Not all parameters can be overridden when resuming from a checkpoint this way.

Understanding the output

Simulation results are output in a HDF5 data file job.out.h5 containing the simulation parameters, measurements of the observables along with binning analyses. This file follows the standard format used in the example codes of the ALPSCore project; please refer to their documentation for details.

Acknowledgements

These codes make use of the ALPSCore library, based on the original ALPS project. ALPSCore makes use of the HDF5 data format, as well as the Boost C++ libraries. We also rely on some functionality of the Froehlich polaron lecture notes and code, and on the TKSVM library.

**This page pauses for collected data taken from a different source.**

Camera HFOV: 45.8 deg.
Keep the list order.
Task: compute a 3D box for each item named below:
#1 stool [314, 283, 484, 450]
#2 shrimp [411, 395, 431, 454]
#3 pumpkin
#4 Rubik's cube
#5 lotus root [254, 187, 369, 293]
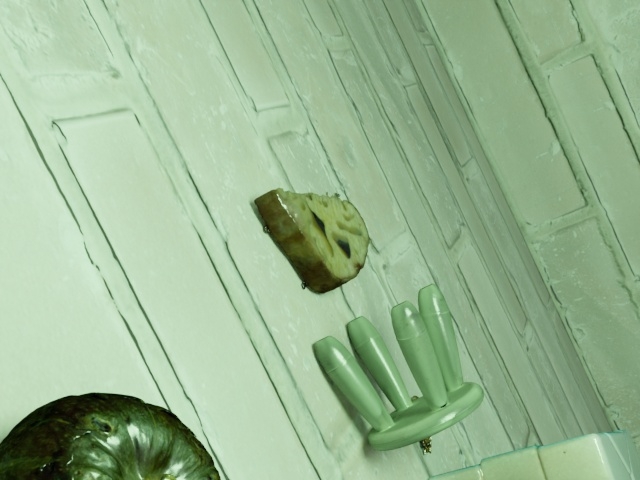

Related Open Source Software

There are a number of open-source software packages available for quantum Monte Carlo simulations. Here we list some of them. The list is non-exhaustive and we will be happy to add yours provided it qualifies:

  • Applications and Libraries for Physics Simulations: ALPS -- currently down and no longer maintained
  • The Core libraries of the previously mentioned ALPS project, and which are used in this project: ALPSCore
  • A portal Site of Material Science Simulations: MateriApps
  • Algorithm for Lattice Fermions: ALF
  • Project for advancement of software usability in materials science(PASUMS): 2DMAT
  • Directed worms in the continuous time path integral representation for a S=1/2 antiferromagnetic Heisenberg chain in a longitudinal field: worms
  • Toolbox for Research on Interacting Quantum Systems: TRIQS
  • The Machine-Learning toolbox for Quantum Physics: Netket
  • The tensorial Kernel Support vector Machine project for interpretation and classification of classical Monte Carlo spin systems: TKSVM

License

Copyright © 2022 Nicolas Sadoune and Lode Pollet

This program is free software: you can redistribute it and/or modify it under the terms of the GNU General Public License as published by the Free Software Foundation, either version 3 of the License, or (at your option) any later version.

This program is distributed in the hope that it will be useful, but WITHOUT ANY WARRANTY; without even the implied warranty of MERCHANTABILITY or FITNESS FOR A PARTICULAR PURPOSE. See the GNU General Public License for more details.

A copy of the GNU General Public License is available in the file LICENSE.txt.